Not mentioned during the argument was Straughan Lee Griffin, 51, the businessman and sailing enthusiast who was shot while unloading groceries in front of his home by assailants who then ran over his body as they fled in his Jeep Grand Cherokee.

An acquaintance of Blake's, Terrence Tolbert, was convicted in January and sentenced to life in prison without the possibility of parole for his role in the slaying, the first in the Annapolis historic district since the 1960s. The case against Tolbert relied largely on two police officers' testimony that Tolbert incriminated himself during interviews. At trial, Tolbert admitted being present during the slaying but contended that Blake fired the shot that killed Griffin.

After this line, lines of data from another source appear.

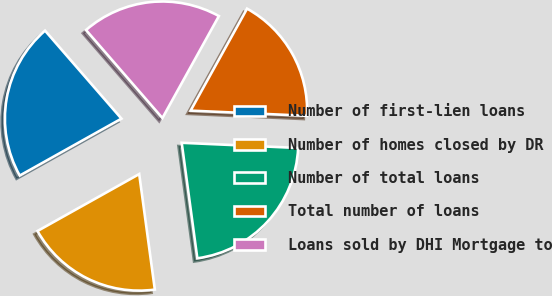Convert chart to OTSL. <chart><loc_0><loc_0><loc_500><loc_500><pie_chart><fcel>Number of first-lien loans<fcel>Number of homes closed by DR<fcel>Number of total loans<fcel>Total number of loans<fcel>Loans sold by DHI Mortgage to<nl><fcel>21.74%<fcel>19.02%<fcel>22.15%<fcel>17.66%<fcel>19.43%<nl></chart> 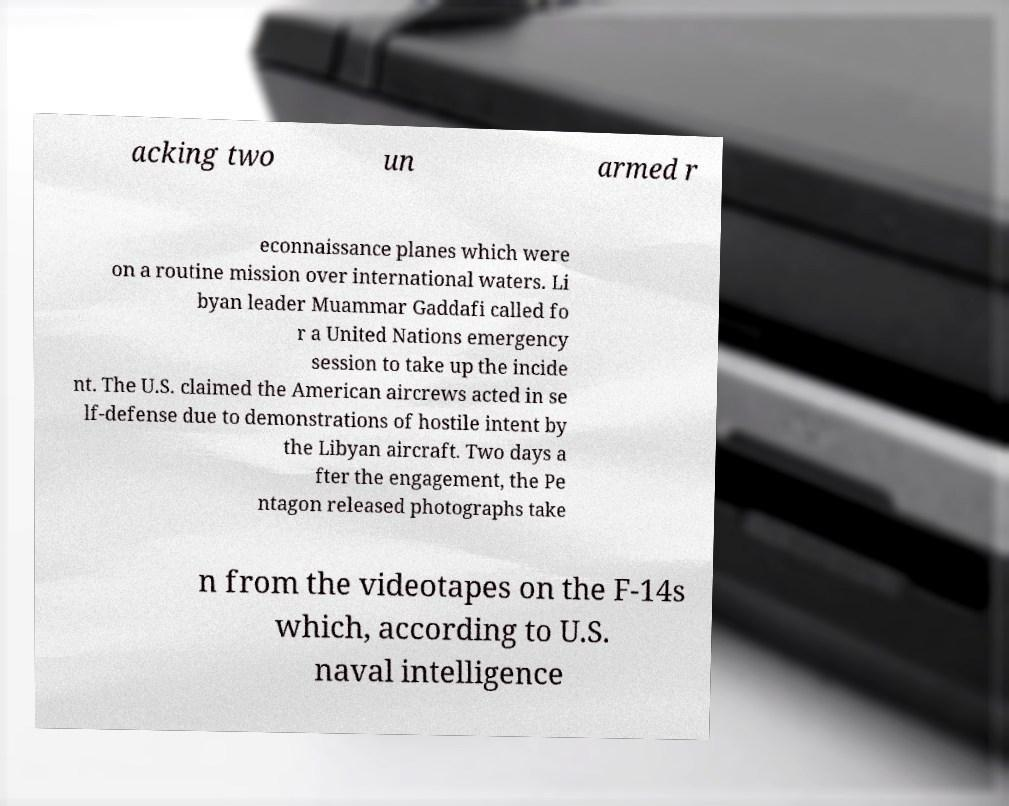There's text embedded in this image that I need extracted. Can you transcribe it verbatim? acking two un armed r econnaissance planes which were on a routine mission over international waters. Li byan leader Muammar Gaddafi called fo r a United Nations emergency session to take up the incide nt. The U.S. claimed the American aircrews acted in se lf-defense due to demonstrations of hostile intent by the Libyan aircraft. Two days a fter the engagement, the Pe ntagon released photographs take n from the videotapes on the F-14s which, according to U.S. naval intelligence 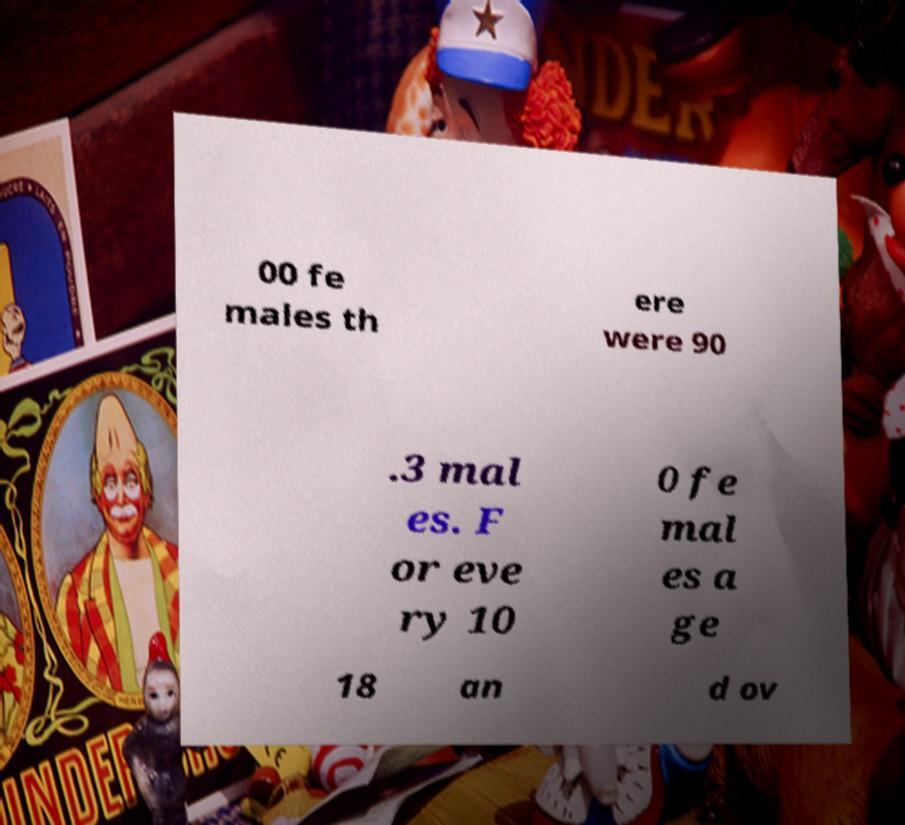I need the written content from this picture converted into text. Can you do that? 00 fe males th ere were 90 .3 mal es. F or eve ry 10 0 fe mal es a ge 18 an d ov 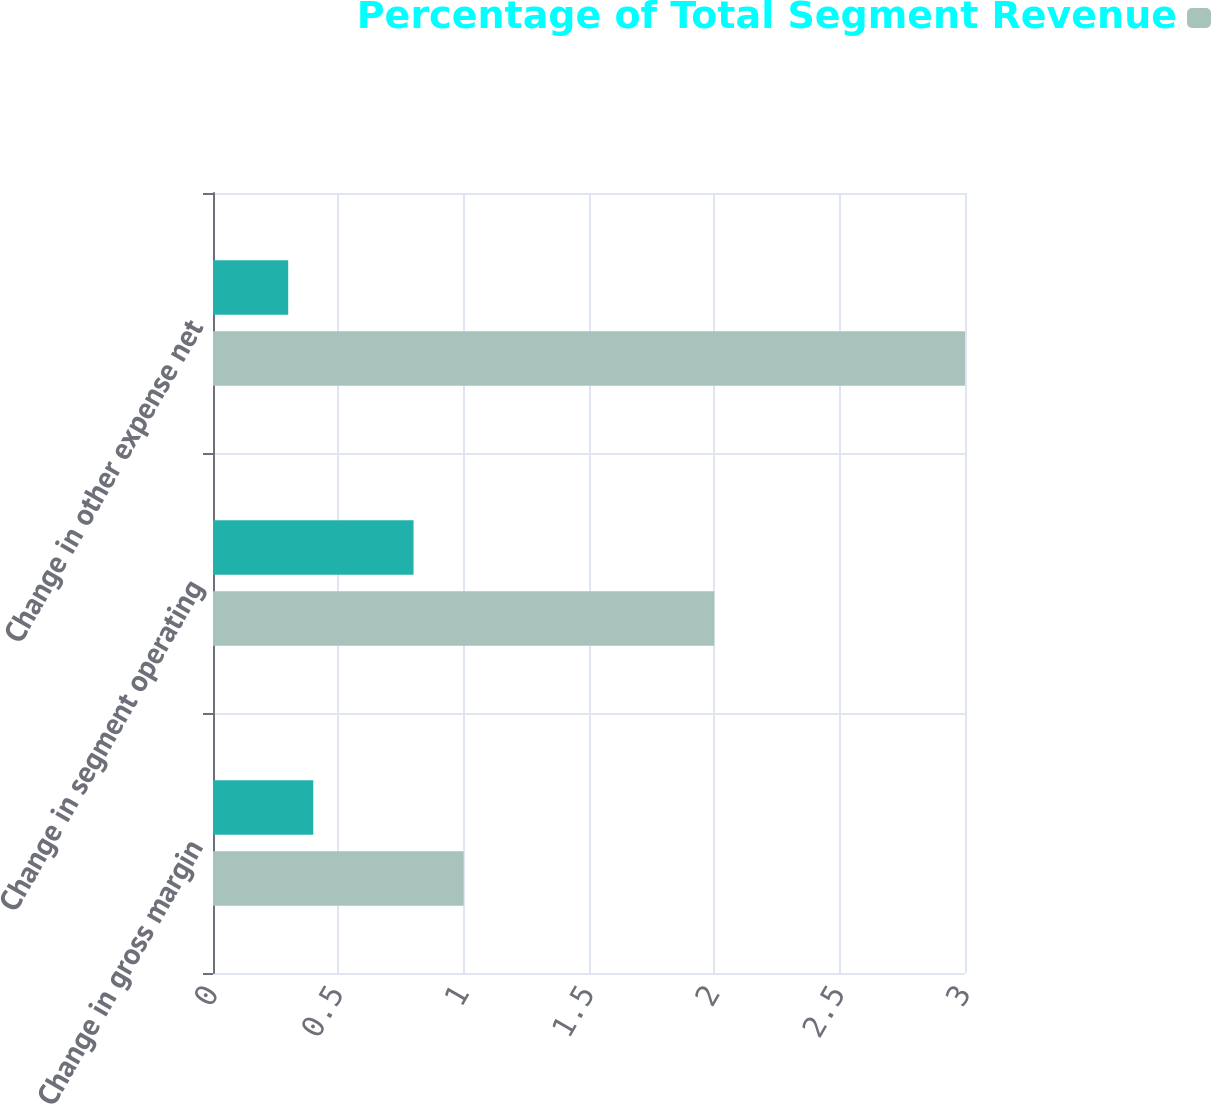Convert chart to OTSL. <chart><loc_0><loc_0><loc_500><loc_500><stacked_bar_chart><ecel><fcel>Change in gross margin<fcel>Change in segment operating<fcel>Change in other expense net<nl><fcel>nan<fcel>0.4<fcel>0.8<fcel>0.3<nl><fcel>Percentage of Total Segment Revenue<fcel>1<fcel>2<fcel>3<nl></chart> 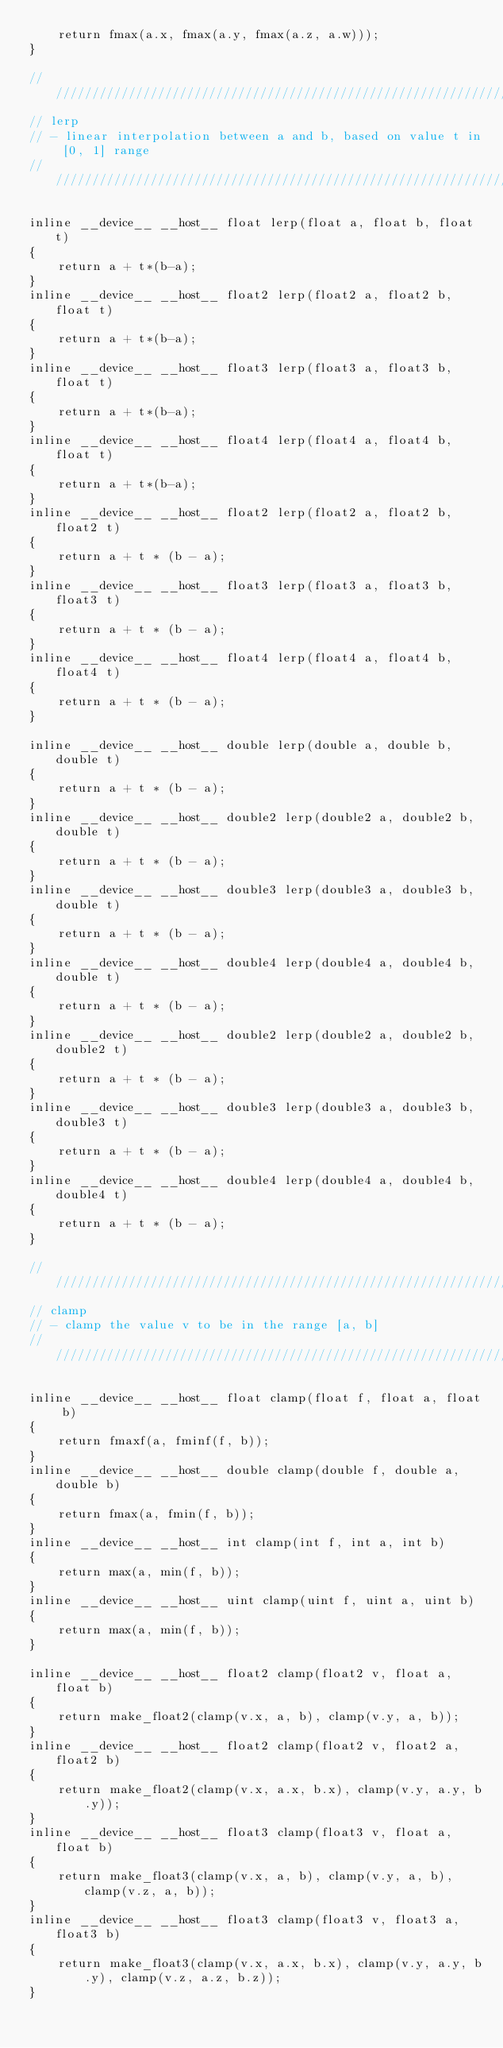Convert code to text. <code><loc_0><loc_0><loc_500><loc_500><_Cuda_>    return fmax(a.x, fmax(a.y, fmax(a.z, a.w)));
}

////////////////////////////////////////////////////////////////////////////////
// lerp
// - linear interpolation between a and b, based on value t in [0, 1] range
////////////////////////////////////////////////////////////////////////////////

inline __device__ __host__ float lerp(float a, float b, float t)
{
    return a + t*(b-a);
}
inline __device__ __host__ float2 lerp(float2 a, float2 b, float t)
{
    return a + t*(b-a);
}
inline __device__ __host__ float3 lerp(float3 a, float3 b, float t)
{
    return a + t*(b-a);
}
inline __device__ __host__ float4 lerp(float4 a, float4 b, float t)
{
    return a + t*(b-a);
}
inline __device__ __host__ float2 lerp(float2 a, float2 b, float2 t)
{
    return a + t * (b - a);
}
inline __device__ __host__ float3 lerp(float3 a, float3 b, float3 t)
{
    return a + t * (b - a);
}
inline __device__ __host__ float4 lerp(float4 a, float4 b, float4 t)
{
    return a + t * (b - a);
}

inline __device__ __host__ double lerp(double a, double b, double t)
{
    return a + t * (b - a);
}
inline __device__ __host__ double2 lerp(double2 a, double2 b, double t)
{
    return a + t * (b - a);
}
inline __device__ __host__ double3 lerp(double3 a, double3 b, double t)
{
    return a + t * (b - a);
}
inline __device__ __host__ double4 lerp(double4 a, double4 b, double t)
{
    return a + t * (b - a);
}
inline __device__ __host__ double2 lerp(double2 a, double2 b, double2 t)
{
    return a + t * (b - a);
}
inline __device__ __host__ double3 lerp(double3 a, double3 b, double3 t)
{
    return a + t * (b - a);
}
inline __device__ __host__ double4 lerp(double4 a, double4 b, double4 t)
{
    return a + t * (b - a);
}

////////////////////////////////////////////////////////////////////////////////
// clamp
// - clamp the value v to be in the range [a, b]
////////////////////////////////////////////////////////////////////////////////

inline __device__ __host__ float clamp(float f, float a, float b)
{
    return fmaxf(a, fminf(f, b));
}
inline __device__ __host__ double clamp(double f, double a, double b)
{
    return fmax(a, fmin(f, b));
}
inline __device__ __host__ int clamp(int f, int a, int b)
{
    return max(a, min(f, b));
}
inline __device__ __host__ uint clamp(uint f, uint a, uint b)
{
    return max(a, min(f, b));
}

inline __device__ __host__ float2 clamp(float2 v, float a, float b)
{
    return make_float2(clamp(v.x, a, b), clamp(v.y, a, b));
}
inline __device__ __host__ float2 clamp(float2 v, float2 a, float2 b)
{
    return make_float2(clamp(v.x, a.x, b.x), clamp(v.y, a.y, b.y));
}
inline __device__ __host__ float3 clamp(float3 v, float a, float b)
{
    return make_float3(clamp(v.x, a, b), clamp(v.y, a, b), clamp(v.z, a, b));
}
inline __device__ __host__ float3 clamp(float3 v, float3 a, float3 b)
{
    return make_float3(clamp(v.x, a.x, b.x), clamp(v.y, a.y, b.y), clamp(v.z, a.z, b.z));
}</code> 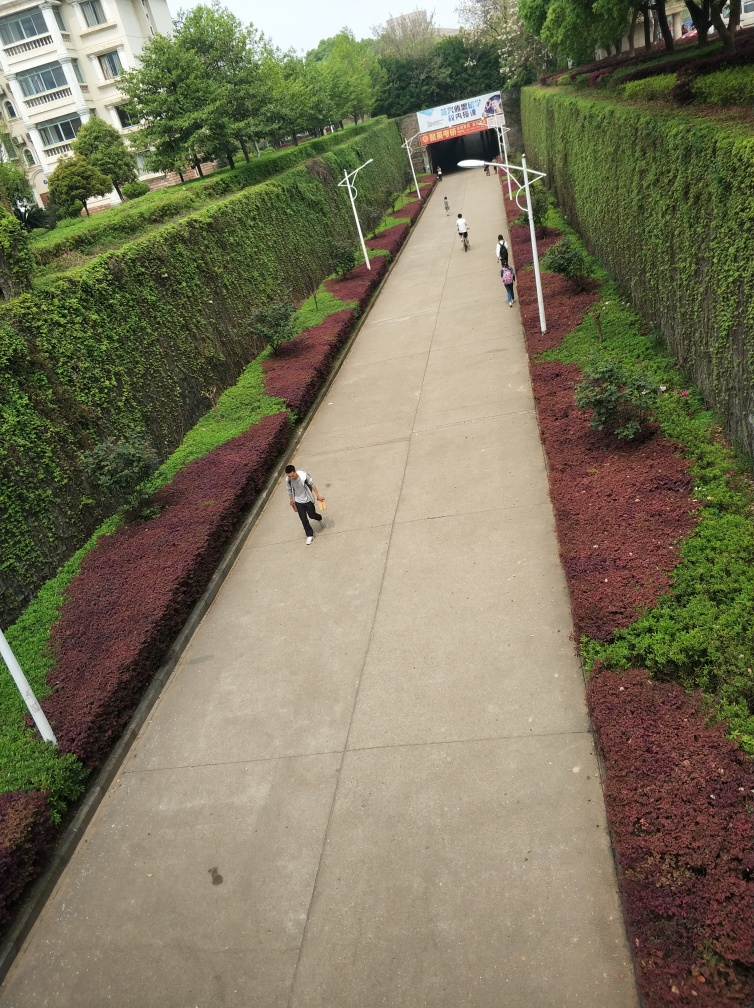Can you describe the surrounding environment of this place? Certainly! The image shows an outdoor urban scene, possibly within a campus or public park. A wide pedestrian path runs down the center, flanked by well-maintained hedges with rich green and purple foliage. Lamp posts line the pathway, suggesting it's well-lit at night. In the background, there is a tunnel entrance with signage above, likely serving as a thoroughfare for pedestrians. The buildings on either side have a uniform, institutional architecture. The overcast sky implies it might be a cool or cloudy day. 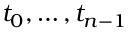Convert formula to latex. <formula><loc_0><loc_0><loc_500><loc_500>t _ { 0 } , \dots , t _ { n - 1 }</formula> 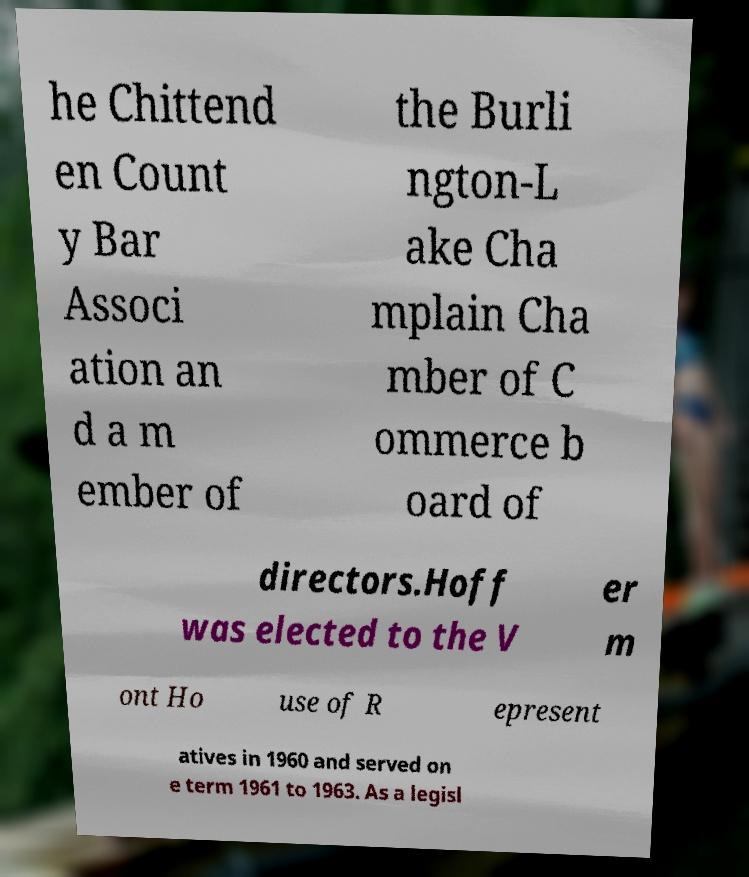Can you accurately transcribe the text from the provided image for me? he Chittend en Count y Bar Associ ation an d a m ember of the Burli ngton-L ake Cha mplain Cha mber of C ommerce b oard of directors.Hoff was elected to the V er m ont Ho use of R epresent atives in 1960 and served on e term 1961 to 1963. As a legisl

In the gallery at the Supreme Court yesterday were Griffin's mother and sister. They said later that hearing the case argued -- hanging as it did on legal abstractions and questions such as whether the violation of rights had been "cured" -- was a painful experience.

"My brother had no cure," said Linda Griffin. She paused and then said: "The only thing that would make this palatable is for there to be an opportunity for a trial. I think it would be horrific if there was no trial."

Under questioning by the justices, Graeff said the state could bring Blake to trial only if the high court ruled that his statements could be used as evidence.